> **Exercise aim**
Retype only what runs from the first line of the listing to the line holding "to (492, 337)", both included. Do not retype the pictures.

----- Exercise material

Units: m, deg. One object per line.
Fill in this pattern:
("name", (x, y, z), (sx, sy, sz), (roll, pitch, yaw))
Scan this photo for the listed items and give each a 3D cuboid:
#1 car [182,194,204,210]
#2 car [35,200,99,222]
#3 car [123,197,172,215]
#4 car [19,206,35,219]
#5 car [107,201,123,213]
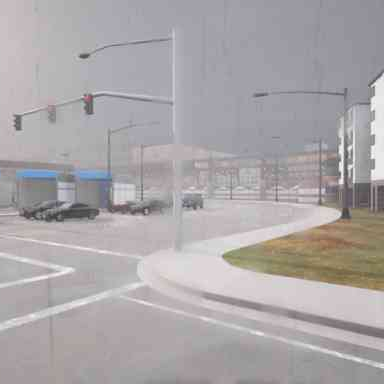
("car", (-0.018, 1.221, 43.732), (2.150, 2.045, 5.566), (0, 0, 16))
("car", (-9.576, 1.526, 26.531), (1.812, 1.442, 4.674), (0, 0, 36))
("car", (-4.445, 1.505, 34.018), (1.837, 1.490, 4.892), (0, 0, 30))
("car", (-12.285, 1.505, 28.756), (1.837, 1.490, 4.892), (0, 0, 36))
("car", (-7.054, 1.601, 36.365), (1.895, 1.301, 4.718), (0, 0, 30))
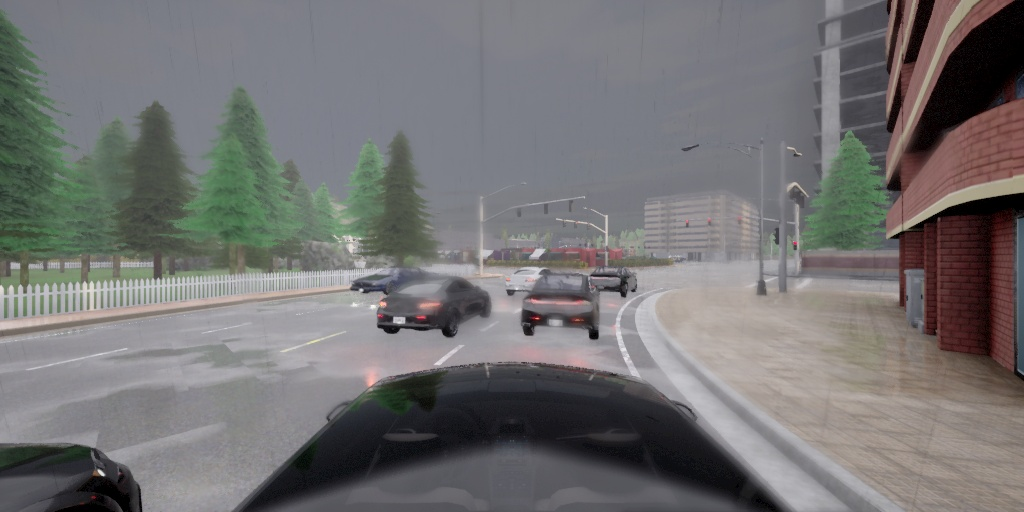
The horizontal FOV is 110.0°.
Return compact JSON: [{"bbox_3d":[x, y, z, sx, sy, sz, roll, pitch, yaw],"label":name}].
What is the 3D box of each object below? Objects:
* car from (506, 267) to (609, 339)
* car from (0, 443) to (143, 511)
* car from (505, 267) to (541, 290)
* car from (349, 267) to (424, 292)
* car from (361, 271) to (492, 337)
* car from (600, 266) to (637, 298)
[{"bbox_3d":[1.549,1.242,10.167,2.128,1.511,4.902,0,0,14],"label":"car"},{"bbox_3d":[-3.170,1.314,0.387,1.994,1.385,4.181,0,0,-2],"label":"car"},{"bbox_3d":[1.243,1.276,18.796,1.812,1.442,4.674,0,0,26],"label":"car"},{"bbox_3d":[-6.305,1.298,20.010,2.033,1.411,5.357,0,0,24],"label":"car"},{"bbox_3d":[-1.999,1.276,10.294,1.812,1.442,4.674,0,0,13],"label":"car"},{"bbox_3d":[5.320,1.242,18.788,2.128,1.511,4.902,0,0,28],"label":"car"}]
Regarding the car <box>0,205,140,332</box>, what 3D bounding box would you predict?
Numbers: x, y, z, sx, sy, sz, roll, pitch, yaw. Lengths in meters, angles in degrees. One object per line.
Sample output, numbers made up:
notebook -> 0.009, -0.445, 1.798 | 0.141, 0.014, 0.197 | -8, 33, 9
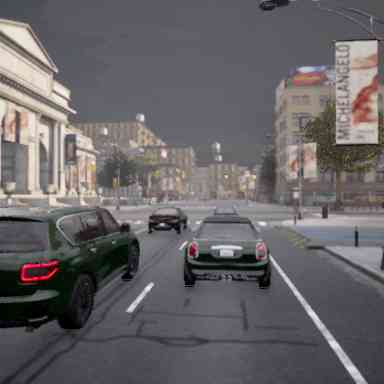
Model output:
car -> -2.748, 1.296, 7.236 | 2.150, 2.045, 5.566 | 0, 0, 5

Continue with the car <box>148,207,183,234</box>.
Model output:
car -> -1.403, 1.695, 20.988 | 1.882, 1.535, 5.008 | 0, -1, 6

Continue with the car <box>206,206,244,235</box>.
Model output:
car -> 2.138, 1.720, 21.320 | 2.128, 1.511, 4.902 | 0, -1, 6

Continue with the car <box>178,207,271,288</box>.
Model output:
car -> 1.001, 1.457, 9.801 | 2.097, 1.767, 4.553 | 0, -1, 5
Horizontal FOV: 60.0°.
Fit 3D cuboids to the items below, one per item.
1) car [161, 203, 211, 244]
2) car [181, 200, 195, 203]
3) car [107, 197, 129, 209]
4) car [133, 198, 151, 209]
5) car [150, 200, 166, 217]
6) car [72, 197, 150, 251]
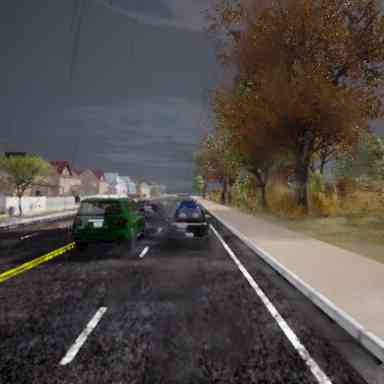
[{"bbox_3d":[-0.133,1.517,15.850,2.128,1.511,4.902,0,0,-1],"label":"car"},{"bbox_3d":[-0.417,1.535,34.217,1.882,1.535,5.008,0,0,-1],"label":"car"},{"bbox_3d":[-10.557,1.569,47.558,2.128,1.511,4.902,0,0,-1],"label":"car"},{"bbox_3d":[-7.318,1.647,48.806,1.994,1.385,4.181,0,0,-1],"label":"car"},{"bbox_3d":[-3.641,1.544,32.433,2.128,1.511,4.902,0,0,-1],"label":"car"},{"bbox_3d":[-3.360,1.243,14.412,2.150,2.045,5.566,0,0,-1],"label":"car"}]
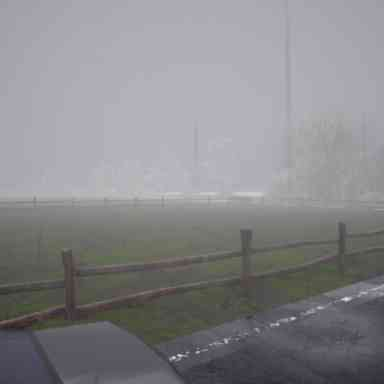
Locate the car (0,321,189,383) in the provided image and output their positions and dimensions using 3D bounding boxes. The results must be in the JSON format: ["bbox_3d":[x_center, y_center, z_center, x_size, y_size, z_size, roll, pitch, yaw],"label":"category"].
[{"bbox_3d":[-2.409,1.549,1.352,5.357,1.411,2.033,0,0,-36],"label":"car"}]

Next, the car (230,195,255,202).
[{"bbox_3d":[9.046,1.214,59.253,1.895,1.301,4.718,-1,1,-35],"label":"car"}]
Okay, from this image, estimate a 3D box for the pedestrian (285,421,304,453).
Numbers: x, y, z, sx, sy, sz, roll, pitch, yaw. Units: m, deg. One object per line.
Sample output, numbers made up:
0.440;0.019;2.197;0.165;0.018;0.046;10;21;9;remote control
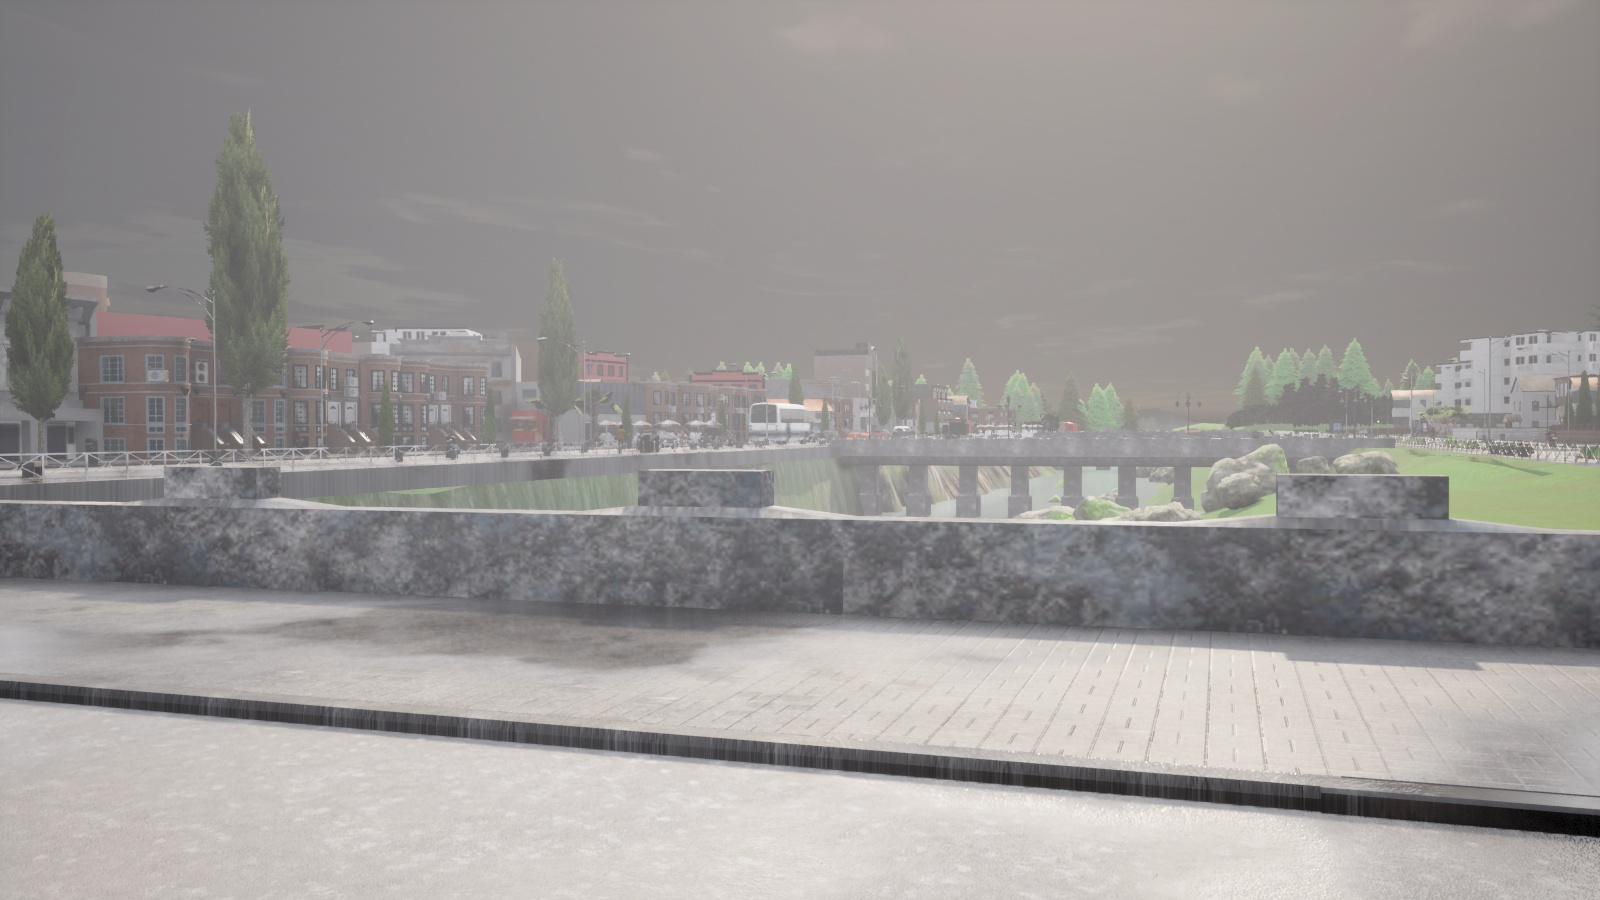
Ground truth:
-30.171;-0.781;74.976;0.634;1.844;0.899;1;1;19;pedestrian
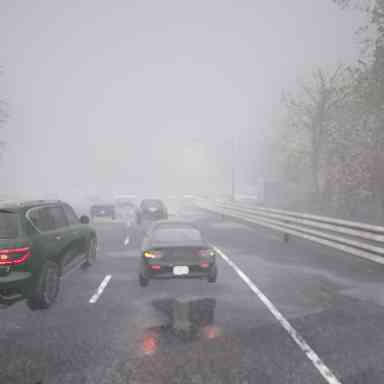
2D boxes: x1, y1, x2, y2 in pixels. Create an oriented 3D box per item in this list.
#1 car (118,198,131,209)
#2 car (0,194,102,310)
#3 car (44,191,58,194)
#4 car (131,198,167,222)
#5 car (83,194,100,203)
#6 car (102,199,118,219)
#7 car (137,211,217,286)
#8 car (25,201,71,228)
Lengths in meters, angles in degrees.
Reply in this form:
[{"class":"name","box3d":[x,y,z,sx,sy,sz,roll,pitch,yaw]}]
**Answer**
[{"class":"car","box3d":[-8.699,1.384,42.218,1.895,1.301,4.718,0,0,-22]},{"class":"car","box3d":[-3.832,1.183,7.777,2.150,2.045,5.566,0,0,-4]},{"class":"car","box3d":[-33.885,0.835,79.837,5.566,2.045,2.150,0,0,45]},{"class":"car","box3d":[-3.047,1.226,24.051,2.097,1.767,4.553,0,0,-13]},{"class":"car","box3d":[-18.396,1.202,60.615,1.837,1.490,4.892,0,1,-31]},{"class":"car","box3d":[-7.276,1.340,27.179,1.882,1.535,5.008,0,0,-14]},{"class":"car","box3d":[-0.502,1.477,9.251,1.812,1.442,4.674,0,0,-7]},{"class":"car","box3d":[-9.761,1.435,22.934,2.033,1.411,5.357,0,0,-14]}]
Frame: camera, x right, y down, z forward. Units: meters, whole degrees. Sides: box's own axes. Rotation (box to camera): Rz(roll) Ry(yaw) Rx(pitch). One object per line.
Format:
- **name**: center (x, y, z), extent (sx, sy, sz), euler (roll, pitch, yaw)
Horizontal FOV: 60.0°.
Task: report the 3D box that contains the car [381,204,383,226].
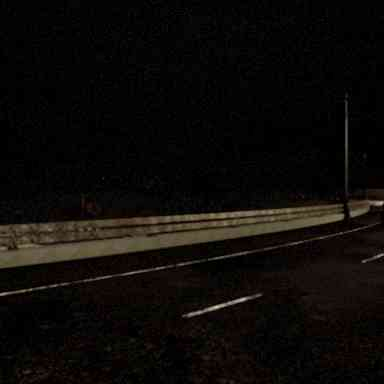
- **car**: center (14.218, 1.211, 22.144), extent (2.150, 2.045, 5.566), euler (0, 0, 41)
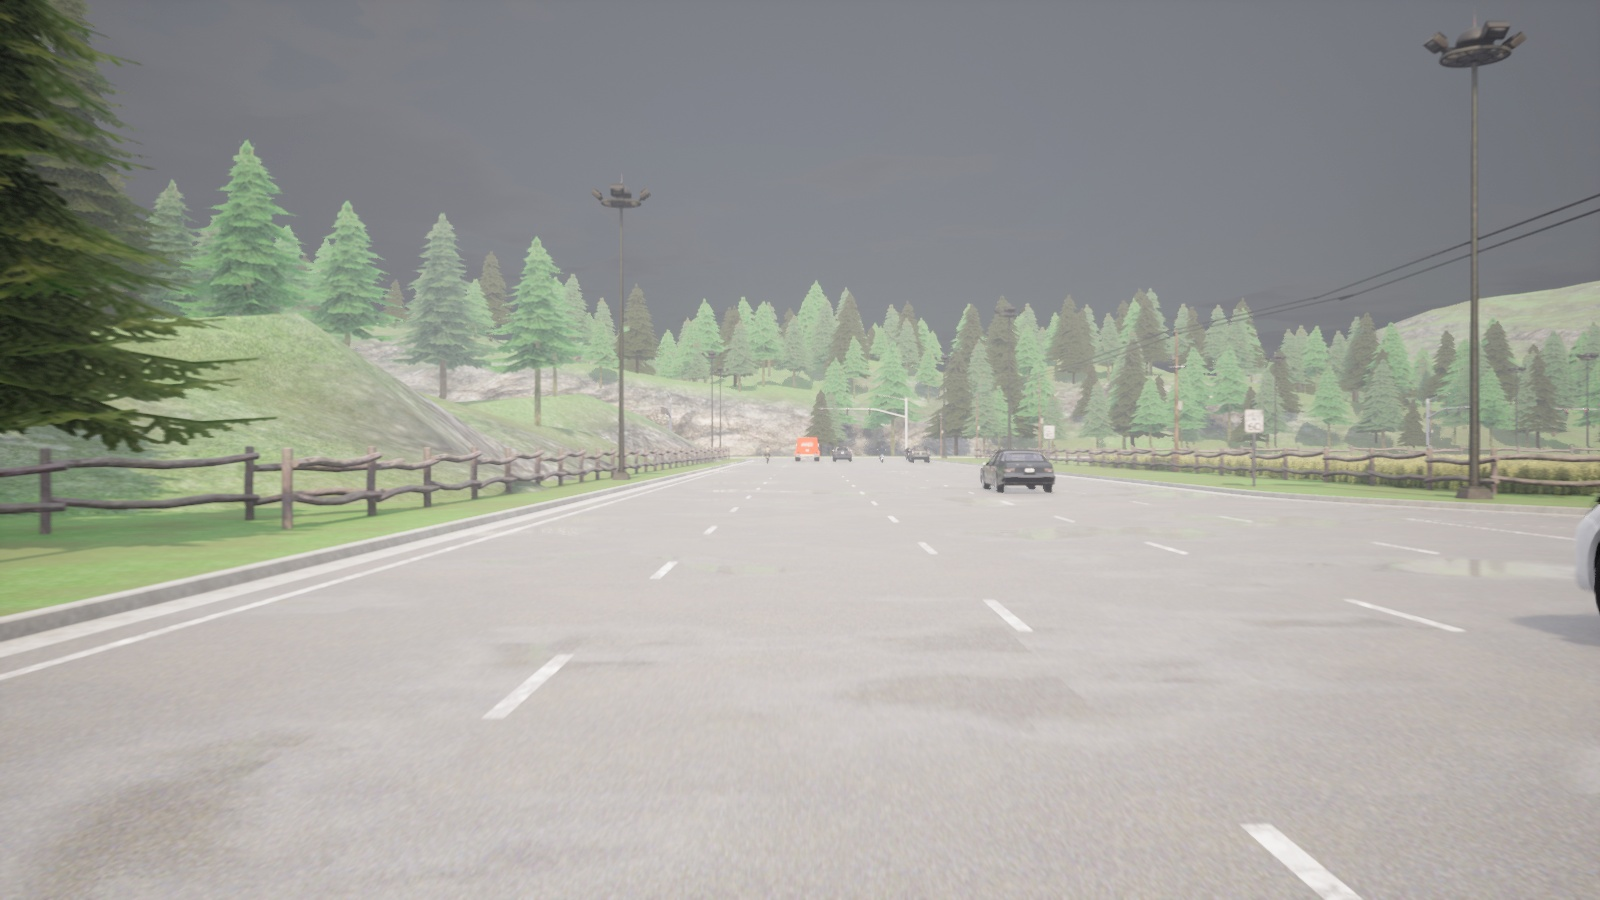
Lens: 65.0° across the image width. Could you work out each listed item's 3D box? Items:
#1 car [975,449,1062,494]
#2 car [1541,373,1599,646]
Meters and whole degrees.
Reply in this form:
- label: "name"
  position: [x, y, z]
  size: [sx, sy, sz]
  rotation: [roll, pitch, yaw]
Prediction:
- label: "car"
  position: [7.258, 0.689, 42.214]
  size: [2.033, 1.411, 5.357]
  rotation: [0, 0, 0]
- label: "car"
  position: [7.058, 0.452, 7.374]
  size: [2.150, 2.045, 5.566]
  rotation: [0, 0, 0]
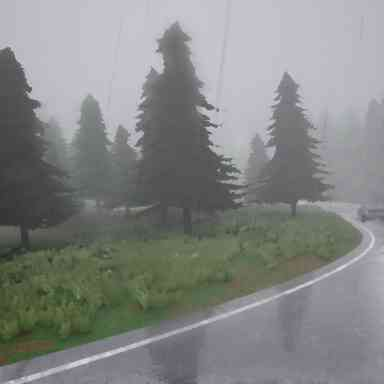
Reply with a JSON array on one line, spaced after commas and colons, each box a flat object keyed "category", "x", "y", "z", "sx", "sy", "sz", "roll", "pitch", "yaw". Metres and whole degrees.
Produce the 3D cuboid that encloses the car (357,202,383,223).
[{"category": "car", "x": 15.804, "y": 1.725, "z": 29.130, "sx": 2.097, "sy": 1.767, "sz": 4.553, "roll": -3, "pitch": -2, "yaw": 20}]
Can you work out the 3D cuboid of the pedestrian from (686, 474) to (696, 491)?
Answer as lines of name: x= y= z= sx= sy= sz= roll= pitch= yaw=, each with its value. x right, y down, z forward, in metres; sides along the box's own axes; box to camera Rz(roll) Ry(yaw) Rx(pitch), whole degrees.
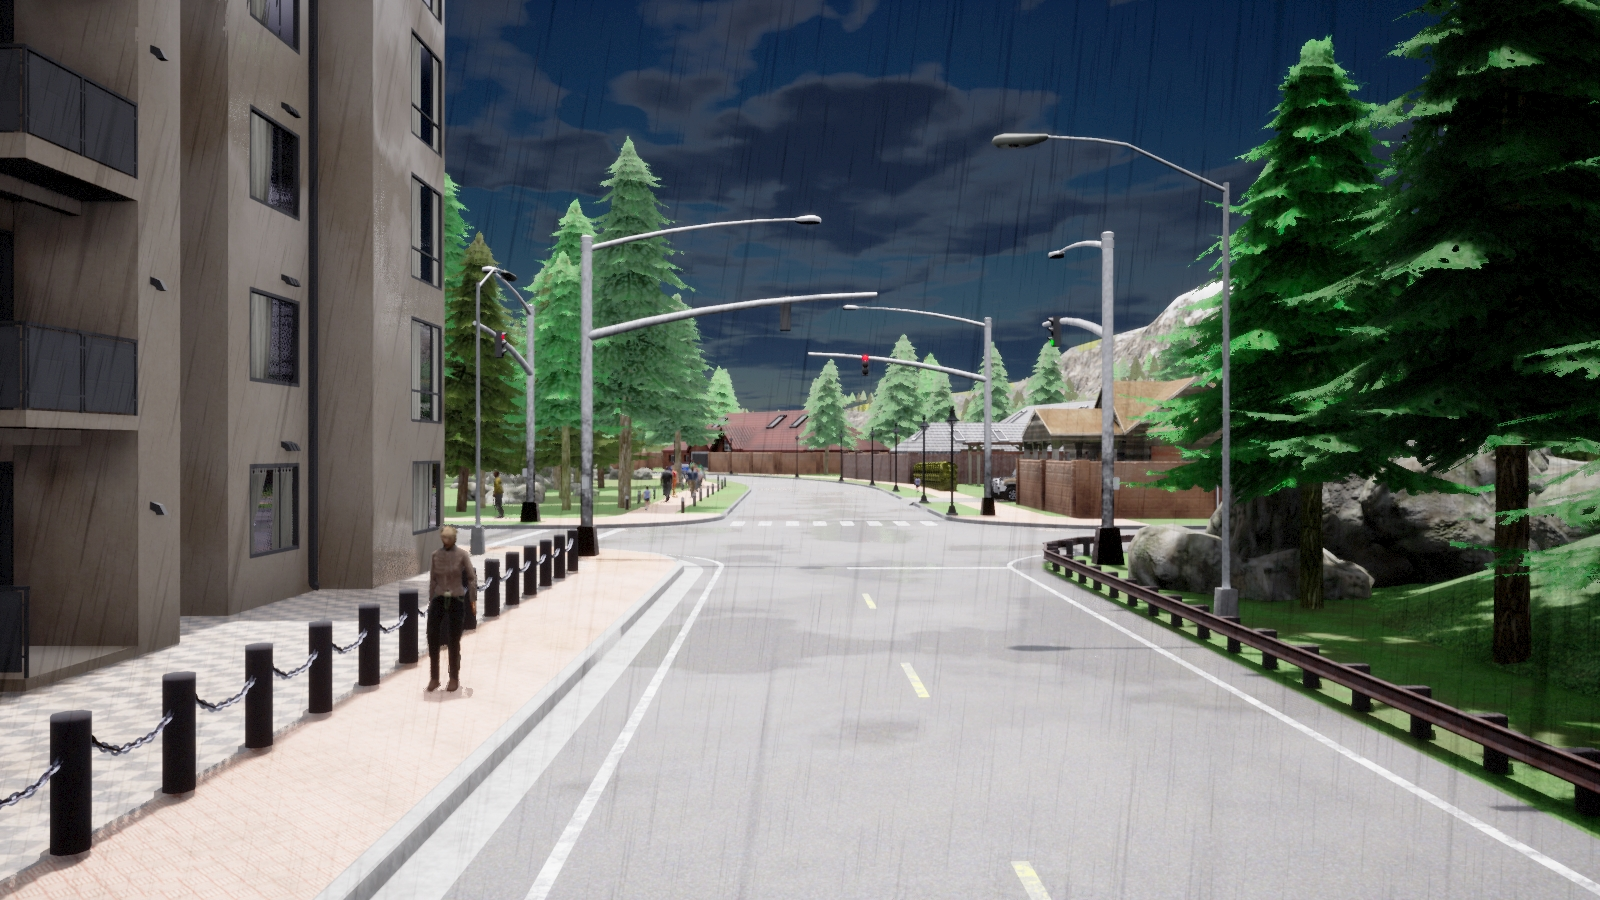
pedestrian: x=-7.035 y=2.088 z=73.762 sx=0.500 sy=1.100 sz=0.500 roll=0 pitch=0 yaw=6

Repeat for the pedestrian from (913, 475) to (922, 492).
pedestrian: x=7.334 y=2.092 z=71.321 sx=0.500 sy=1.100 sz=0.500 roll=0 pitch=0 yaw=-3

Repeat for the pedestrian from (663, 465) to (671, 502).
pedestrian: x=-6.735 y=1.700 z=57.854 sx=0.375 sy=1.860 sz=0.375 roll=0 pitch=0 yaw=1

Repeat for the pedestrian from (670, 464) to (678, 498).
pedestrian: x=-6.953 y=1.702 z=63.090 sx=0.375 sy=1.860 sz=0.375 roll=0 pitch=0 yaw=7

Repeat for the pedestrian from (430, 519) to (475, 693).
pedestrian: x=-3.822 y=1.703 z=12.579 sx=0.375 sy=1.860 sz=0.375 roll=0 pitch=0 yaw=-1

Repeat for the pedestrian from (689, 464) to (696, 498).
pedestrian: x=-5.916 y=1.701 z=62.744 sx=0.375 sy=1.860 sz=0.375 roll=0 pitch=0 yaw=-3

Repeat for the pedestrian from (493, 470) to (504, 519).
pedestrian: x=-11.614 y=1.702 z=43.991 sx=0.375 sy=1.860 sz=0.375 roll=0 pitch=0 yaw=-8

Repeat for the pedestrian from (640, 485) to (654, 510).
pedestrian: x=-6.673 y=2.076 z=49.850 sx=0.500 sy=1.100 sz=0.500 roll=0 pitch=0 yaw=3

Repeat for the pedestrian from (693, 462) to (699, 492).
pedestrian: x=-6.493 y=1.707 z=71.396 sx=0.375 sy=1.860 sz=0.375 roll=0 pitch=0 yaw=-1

----------

> **Solution**
Units: m, deg. One object per line.
Fill in this pattern:
("name", (x, y, z), (sx, sy, sz), (roll, pitch, yaw))
Scan this photo for the listed items and give each a 3D cuboid:
#1 car [182,194,204,210]
#2 car [35,200,99,222]
#3 car [123,197,172,215]
#4 car [19,206,35,219]
#5 car [107,201,123,213]
("car", (-0.018, 1.221, 43.732), (2.150, 2.045, 5.566), (0, 0, 16))
("car", (-9.576, 1.526, 26.531), (1.812, 1.442, 4.674), (0, 0, 36))
("car", (-4.445, 1.505, 34.018), (1.837, 1.490, 4.892), (0, 0, 30))
("car", (-12.285, 1.505, 28.756), (1.837, 1.490, 4.892), (0, 0, 36))
("car", (-7.054, 1.601, 36.365), (1.895, 1.301, 4.718), (0, 0, 30))
The horizontal FOV is 110.0°.
Return compact JSON: [{"bbox_3d":[x, y, z, sx, sy, sz, roll, pitch, yaw],"label":name}].
What is the 3D box of each object below? Objects:
* car from (506, 267) to (609, 339)
* car from (0, 443) to (143, 511)
* car from (505, 267) to (541, 290)
* car from (349, 267) to (424, 292)
* car from (361, 271) to (492, 337)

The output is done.